Pinova takes as much rosin as the Griners want to sell. A business was born; a Georgia industry revived.
Chip Griner quit his job running a sawmill last year.
“We’ve gone from zero customers in a month to, this month, over 800 customers,” Wade Griner, 65, said. “We (tapped) 70,000 trees last year. We also bought gum from other people. As time goes by, I don’t think we’ll be able to produce as much as we need.”
Diamond G Forest Products, the Griners’ company, sets aside about half of the rosin it produces for Pinova. The rest is sold online.
“Good turpentine is hard to find, and it was right next to impossible until they showed up,” said Joe Robson, who makes violin varnish in upstate New York. “It’s clear. It’s got a light, piney smell. It’s not yellow or skunky or has things floating in it. These people know their craft.”
Diamond G can’t compete with low-wage and lower-quality China. DRT, the French company, isn’t really competition, either.
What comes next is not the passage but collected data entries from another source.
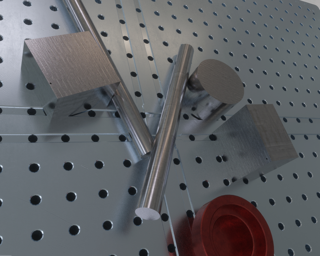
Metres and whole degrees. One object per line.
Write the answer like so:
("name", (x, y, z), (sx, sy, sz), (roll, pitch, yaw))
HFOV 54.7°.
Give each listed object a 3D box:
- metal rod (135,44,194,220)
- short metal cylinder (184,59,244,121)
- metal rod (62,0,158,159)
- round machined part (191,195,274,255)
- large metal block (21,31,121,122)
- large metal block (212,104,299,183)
("metal rod", (0.016, -0.021, 0.408), (0.025, 0.025, 0.300), (26, 46, -12))
("short metal cylinder", (0.079, -0.057, 0.470), (0.081, 0.050, 0.080), (14, 56, -21))
("metal rod", (-0.080, -0.095, 0.423), (0.025, 0.025, 0.299), (-17, 71, -35))
("round machined part", (0.079, 0.131, 0.360), (0.099, 0.042, 0.098), (14, 56, -21))
("large metal block", (-0.108, -0.064, 0.373), (0.081, 0.050, 0.080), (-23, 74, -36))
("large metal block", (0.128, 0.022, 0.428), (0.050, 0.080, 0.080), (-3, 64, -30))

Its 40 employees will use turpentine from pulp and paper mills to make chemicals primarily for perfumes. Most of its product will be shipped to France and India, a spokeswoman says.
It won’t be long before the Griners, their kids, some hired hands and other turpentiners fan out across Pierce County collecting pine gum from skinny and scarred trees that, to them, never looked so beautiful.
“If we can revive this industry in the U.S., we’ll all be ahead of the game,” Wade Griner said. “I’m not sure it will all work out or not. But we sure are a lot further ahead than when we started.”